Große Rotaugen habe ich mit der Feederrute in Flüssen auf Distanzen gefangen, die mit der unberingten Stippe nicht mehr erreichbar waren. Die sind nämlich bedeutend vorsichtiger als Rotaugen in "Normalgröße", und sie sind Einzelgänger oder nur in kleinen Trupps unterwegs. Massenansammlungen von kleineren Fischen, die durch massives Anfüttern angelockt wurden, scheinen sie zu scheuen.

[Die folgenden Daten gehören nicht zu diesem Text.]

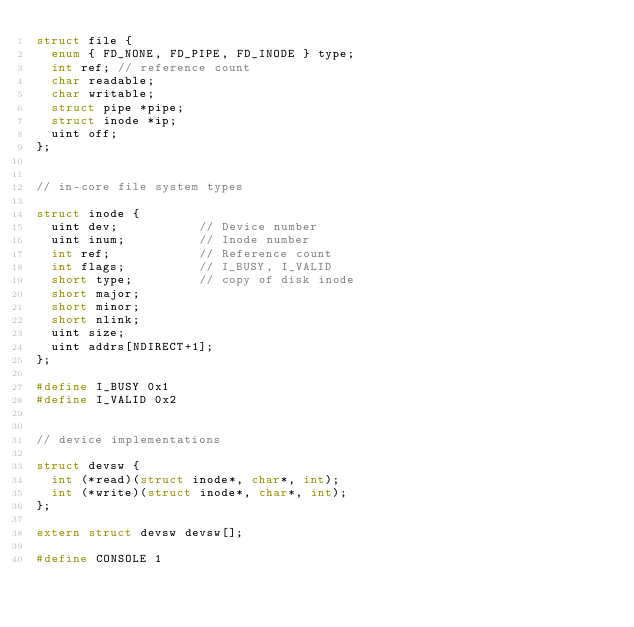Convert code to text. <code><loc_0><loc_0><loc_500><loc_500><_C_>struct file {
  enum { FD_NONE, FD_PIPE, FD_INODE } type;
  int ref; // reference count
  char readable;
  char writable;
  struct pipe *pipe;
  struct inode *ip;
  uint off;
};


// in-core file system types

struct inode {
  uint dev;           // Device number
  uint inum;          // Inode number
  int ref;            // Reference count
  int flags;          // I_BUSY, I_VALID 
  short type;         // copy of disk inode
  short major;
  short minor;
  short nlink;
  uint size;
  uint addrs[NDIRECT+1];
};

#define I_BUSY 0x1
#define I_VALID 0x2


// device implementations

struct devsw {
  int (*read)(struct inode*, char*, int);
  int (*write)(struct inode*, char*, int);
};

extern struct devsw devsw[];

#define CONSOLE 1
</code>

In der Strömung ist die Futterfarbe im Futterkorb vermutlich egal, weil die sichtbare Futterfahne sich eh sehr schnell verteilt. Aber das Aroma der Futtermischung halte ich für entscheidend, wenn Rotaugen gezielt beangelt werden sollen. Die mögen es nämlich im Sommer und im Winter gerne etwas herber als zum Beispiel die Brassen. Auf gemahlenen Hanf würde ich nicht verzichten und süßliche Aromen dafür weglassen.

Gruß, Werner


----------



## rotauge88 (19. November 2008)

*AW: Wie fängt man kapitale Rotaugen?*

Moin. Ich kann Teig als Köder empfehlen. Mit Maden fange ich immer nur die kleinen #d


----------



## Spaceguppy (19. November 2008)

*AW: Wie fängt man kapitale Rotaugen?*

Moin,
ich würde ein Gewässer empfehlen, dass viele große Rotaugen und nur wenige kleine beherbergt:
Wenig befischt (vor allem keine Stipper)
Guter Raubfischbestand
Wenig bis keine Brassen

Wenn Du so eines findest, wirst Du feststellen, wie leicht es ist, große Rotaugen zu fangen.

Christian


----------



## David23 (20. November 2008)

*AW: Wie fängt man kapitale Rotaugen?*



Pinn schrieb:


> Ab 500g kann man Rotaugen als kapital bezeichnen. Die dürften dann bei normalem Körperbau um die 35cm lang sein. Bei größeren und besonders kompakten oder hochrückigen Fischen, die nach Augen- und Flossenfarbe sowie der Beschuppung Rotaugen gleichen, fallen mir Güstern und diverse Hybriden ein, die in unseren Gewässern nicht selten vorkommen. Ich denke, da hat es sicher schon Fehlbestimmungen der Art gegeben. Allerdings bin ich auch nicht der Experte, der eine Kreuzung zwischen Rotauge und Brassen oder Güster zuverlässig erkennen kann. Im Zweifelsfalle würde ich zu einem besonders kapitalen Rotauge tendieren.
> 
> Große Rotaugen habe ich mit der Feederrute in Flüssen auf Distanzen gefangen, die mit der unberingten Stippe nicht mehr erreichbar waren. Die sind nämlich bedeutend vorsichtiger als Rotaugen in "Normalgröße", und sie sind Einzelgänger oder nur in kleinen Trupps unterwegs. Massenansammlungen von kleineren Fischen, die durch massives Anfüttern angelockt wurden, scheinen sie zu scheuen.
> 
> ...


 
Hallo Werner,
bin da ganz deiner Meinung...Hanf gemahlen oder auch Angelhanf als Beifutter sind richtige Rotaugenbringer....jetzt geht es lediglich darum die großen von den kleinen zu selektieren....Toastbrot scheint auch so ein spitzen Rotaugenköder zu sein, nicht teuer, und mit dem Bait Puncher einfach an den Haken zu bringen, zumal es diverse Durchmesser gibt....
helles Futter zieht halt auch magisch die Raubfische an

Jetzt am Sonntag wollte ich eigentlich an meinem Vereinssee gehen und ein wenig auf Rotaugen fischen...ich fische sehr gerne mit der Matchrute und mit Tropfenfeststellposen (ich weiß, Stilbruch, aber ich mag Waggler einfach nicht)....Was könnt ihr mir so als Tipps mitgeben? 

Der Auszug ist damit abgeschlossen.